第23章 第一条裂缝
郑怀远走后的第三天,朝廷的反应来了。不是军队,不是圣旨,是一封信。信是写给裴长渊的,落款是一个苏晚词没听过的名字——兵部尚书刘文韬。信的内容很简单:苍梧关的粮草供应,从下个月起,减半。
裴长渊把信放在条案上,盯着那几行字看了很久。苏晚词站在他身后,通过蝉翼笺感受到他的情绪——不是愤怒,是一种很冷的、像冰面下暗流涌动的平静。“粮草减半。”苏晚词重复了一遍,“苍梧关的粮草本来就不够,都是靠我从现代运。朝廷再减一半,等于完全断了你们的供应。”
“不是完全。”裴长渊的声音很平,“是告诉你,朝廷有能力让你饿死。”
苏晚词沉默了。兵部尚书这封信,不是在谈粮草,是在宣战。他在告诉裴长渊——你抗旨,我就断你的粮。你不交出苏姑娘,我就让你的兵饿死。苍梧关六万人,是你裴长渊的软肋,也是朝廷的筹码。“你打算怎么办?”苏晚词问。裴长渊没有回答。他把信折好,收进怀里,拿起刀,走出正厅。
“我去城墙上看看。”
苏晚词看着他的背影,心里像被什么东西堵住了一样。她知道他去城墙上不是看蛮族,是找一个没人的地方,一个人待着。他的习惯,压力越大的时候,越不想让人看到。
苏晚词没有跟上去。她回到东厢房,翻开账本。粮草减半,意味着她要从现代运更多的粮食。之前她每个月运大约三万斤粮食,够苍梧关六万人喝稀粥。现在朝廷断了供应,她每个月至少要运六万斤——翻一倍。钱呢?她的账户里还有不到四十万。玉璧卖了七十六万五,花掉了大半,剩下的钱撑不了太久。她需要更多的古董,更多的钱。
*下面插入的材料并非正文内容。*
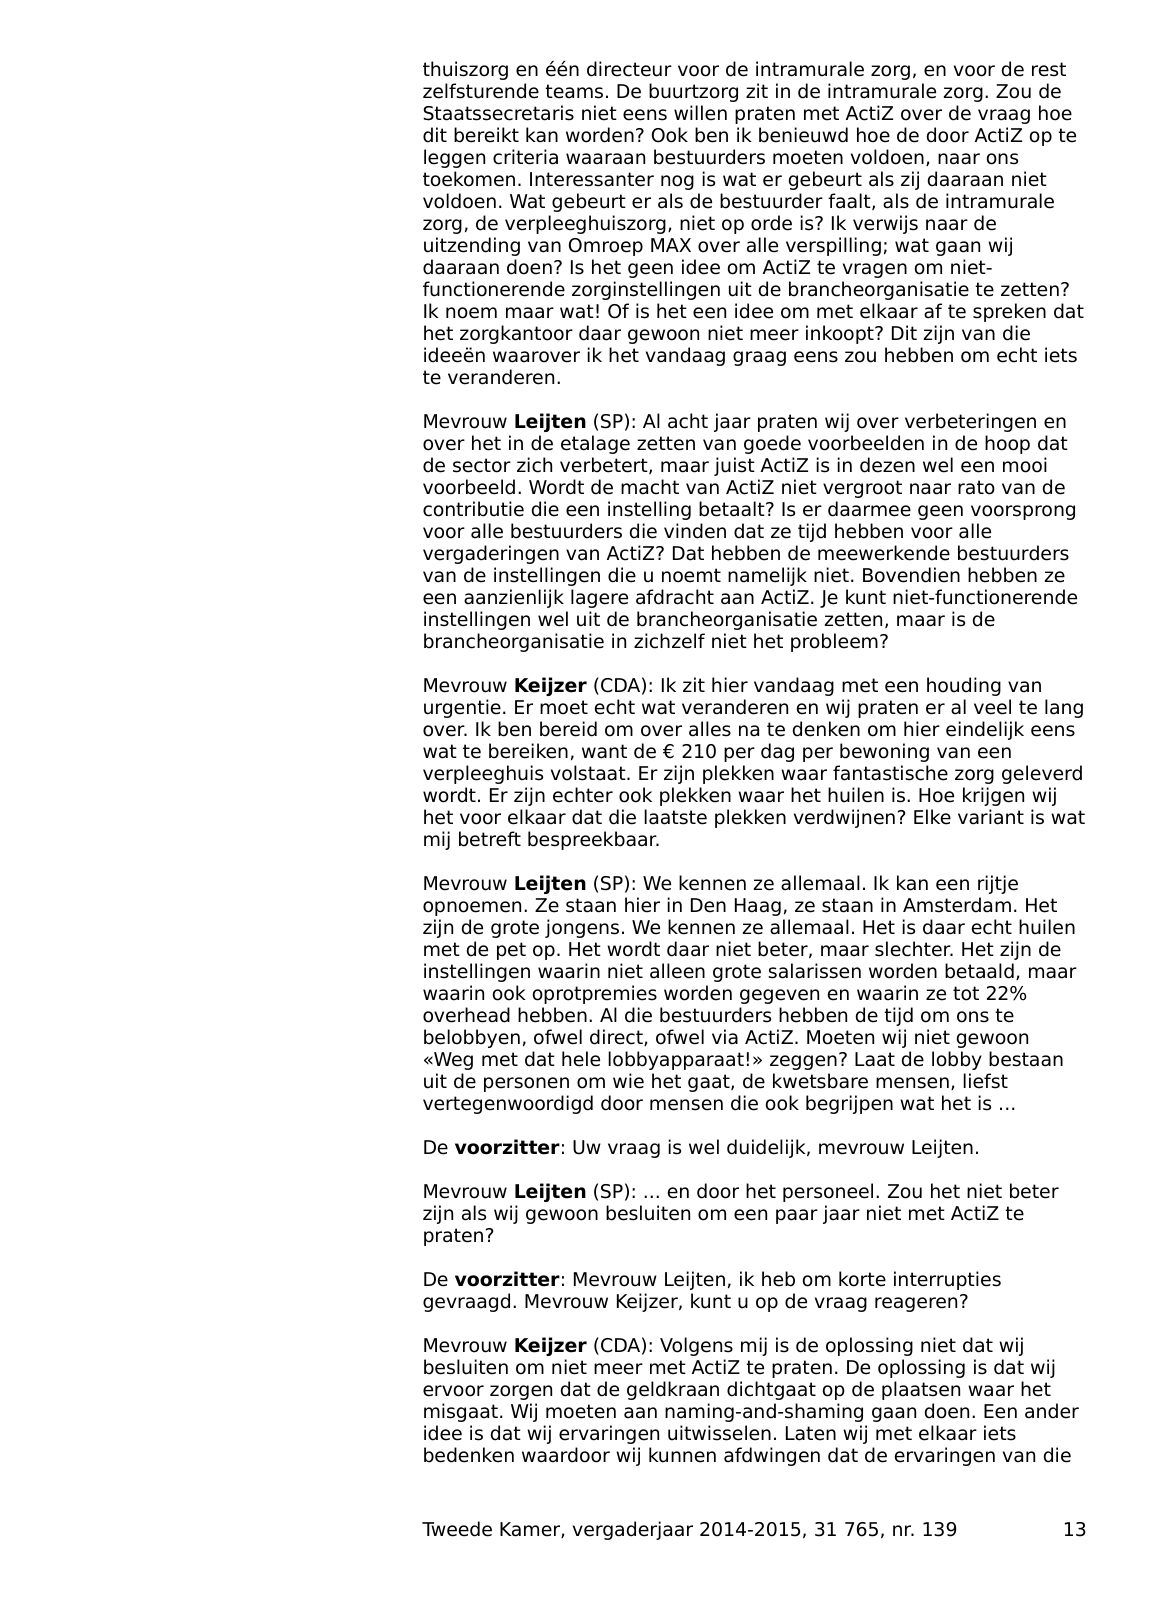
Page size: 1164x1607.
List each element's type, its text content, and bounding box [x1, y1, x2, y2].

苏晚词合上账本,闭上眼睛。她不想再找裴长渊要东西了。他把裴家三代的家底几乎都给了她,剩下的那些,是裴家最后的根底。她不忍心再要。但不要,钱从哪来?
她在出租屋里坐到天黑,手机忽然震了。周经理发来一条消息:“苏小姐,上次那位买您玉璧的李总,想请您吃个饭。他对您手上的其他藏品很感兴趣。”
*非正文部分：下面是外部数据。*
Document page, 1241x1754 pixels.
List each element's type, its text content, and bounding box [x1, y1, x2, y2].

苏晚词盯着这条消息看了很久。李总,上市公司董事长,出手大方,上次玉璧拍出九十万,他是第二高竞价者。他想见她,不是吃饭,是看货。苏晚词回了一条:“什么时候?”“明天晚上,他做东。”
苏晚词答应了。
古代。苍梧关。
苏晚词切回来的时候,裴长渊已经回到了正厅。他坐在条案后面,面前摊着一张地图,用炭笔在上面画着什么。看到苏晚词进来,他抬起头。“你去哪了?”“我那边有点事。明天晚上要见一个客户。”苏晚词在他对面坐下来,“裴长渊,我需要更多的古董。”
裴长渊的手指顿了一下。“不是现在就要。”苏晚词连忙补充,“就是……你那边还剩下什么,列个单子给我。我看看哪些能出手。”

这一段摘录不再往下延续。